We moved into Dhule about nine in the night. The highway was getting crowded as we approached the town. The trucks coming out of town had their bright lights glaring in synchronized animosity at our puny bike, and other smaller vehicles that had joined us on the highway behind and ahead of us.

“Bastard,” Rohan cursed at the truck coming in from the other side. Despite his furious signalling, the truck did not bother to allow him through. We almost got off the road.
“Let’s get into the first hotel here,” he said. He was not really sharing an idea, for the bike was already by now gliding into the entrance of the hotel. We checked in, got to the room and took a shower. We had been riding non stop but for a one hour lunch, for nine hours.

I decided that we better not eat in the hotel but see what we could of this town. My old friend Lalit Marathe was from this town. Dhule was his Vapi. He grew up here, more or less like I grew up in Vapi. We had both landed as small town bumpkins at the same college in Bombay.

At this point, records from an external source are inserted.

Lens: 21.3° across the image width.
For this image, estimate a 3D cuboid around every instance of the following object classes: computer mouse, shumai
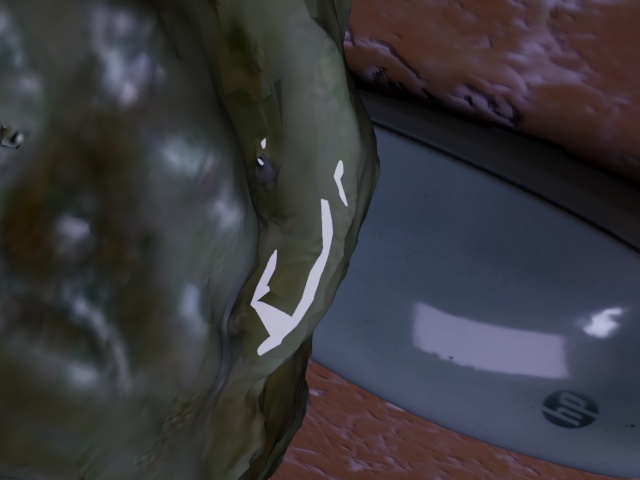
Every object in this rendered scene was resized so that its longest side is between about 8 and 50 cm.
[{"bbox_3d":[0.052,0.026,0.793,0.288,0.097,0.159,18,137,12],"label":"computer mouse"},{"bbox_3d":[-0.121,-0.117,0.510,0.395,0.348,0.395,22,176,2],"label":"shumai"}]
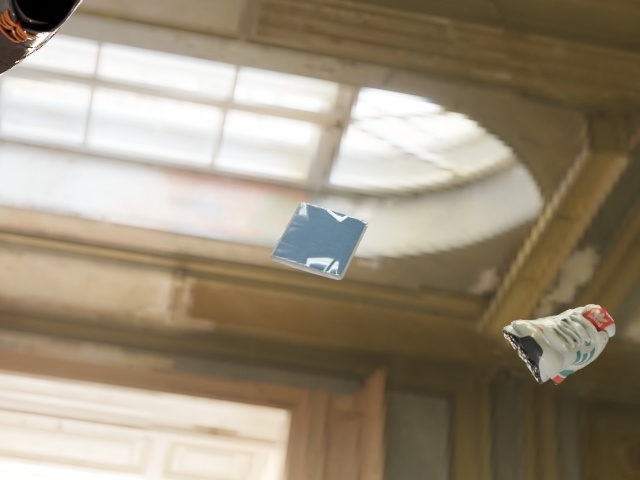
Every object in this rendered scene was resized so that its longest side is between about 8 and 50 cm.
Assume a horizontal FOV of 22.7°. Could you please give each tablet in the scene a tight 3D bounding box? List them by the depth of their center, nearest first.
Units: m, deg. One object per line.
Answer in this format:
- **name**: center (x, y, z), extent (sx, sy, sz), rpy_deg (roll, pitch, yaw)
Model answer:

Today, we were established city slickers, but we shared humble roots. Lalit and I are not the friends we were. But the town that was the stuff of hostel room angst for several shared years sent mild emotional tremors through me. Would I meet somebody who might have known Lalit? Or his editor father? Perhaps, I thought, the chances of meeting somebody who knew his uncle were brighter. Lalit’s uncle ran a club, a euphemism for a gambling den. That is the kind of notoriety that is easily connected to in small towns, I thought.

Well, Rohan and I had underestimated our strengths. Once out of the hotel, we were smack in the middle of the highway. And our freshly showered bodies were caught in the burst of the gaseous mix of vehicle fumes, dust and that inescapeable smell of diesel, petrol, urine. We turned right, and saw a dhaba, an unpretentious eating place for truckers. It had those coir beds, charpoys. And there was even a raucous bunch of six people downing cheap whiskey. Exploring Dhule will have to wait for some other, more leisurely visit.

Rohan said he wanted to call his wife. I moved in with him to the ubiquitous yellow and black STD booth at the dhaba. As Rohan moved into the cubicle to make his call, I tried to chat up the owner.

“Has there been any problem in Dhule?”
“No.”
The man was as interested in me as any businessman would be interested in a passing, captive customer. Which, was of course, very little. Our conversation died at birth. Rohan came out of the phone booth, and promptly put life back into the conversation challenged man at the counter.

“Kithi jhala, bhau.” he asked in Marathi. The man read out the amount

“Where are you coming from?” asked the booth owner. He also owned the dhaba.
“We are riding in from Bombay,” Rohan said, in his friendly open way.
“From Bombay, out on a tour,” he asked, a readymade admiration flickering on his indecisively raised brow.
“Yes. We are going to Orissa. And then down the western coastline,” I told him, uninvited. But I had to pipe in before he forgot that I am part of the duo.
He then asked us when we had set out? Which bike?

“Oh Bullet. Yes it is the king of bikes.” Rohan took over.

I asked him what his name was.

“Marathe”

“Hah, I knew one Marathe here, long ago. Vijay Marathe. Do you know him?” Vijay Marathe was my college friend Lalit’s father.

“There are many Marathes here,” the man refused to be interested in me.

I did not remember Lalit’s uncle’s name. So I said, there was another Marathe who ran a club. Still no memory.

Rohan changed tack. He knew that the man was not interested in anything I said.

“There were lots of trucks with Gujarat number plates carrying families. Where are they going?”

“They are moving in here. There are lots of Muslims here also. It is sad.”

Yeah, I clucked.

“We are also Saaheb’s men,” Rohan said, immediately opening up the dhaba owner’s defences. Rohan did it because he knew I wanted to talk and ask him about the Muslim families and the trucks.

“But what they did was also unforgivable. How can we tolerate it? This was bound to happen. But poor people die. Bechara, they have nothing to do with it. They have small businesses which are burnt down. How will they feed their families? There is no education among them.” The them of course, were the Muslims.

I was wondering why the man was so casually inaccessible to me, while he opened up so easily to Rohan. There was the fact that Rohan was a Maharashtrian, and spoke the language. But Dhule, like many small towns of Maharshtra closer to the border of Hindi speaking Madhya Pradesh, used Hindi as a regular language as much as Vapi did. In both places, one could easily live without knowing the local language.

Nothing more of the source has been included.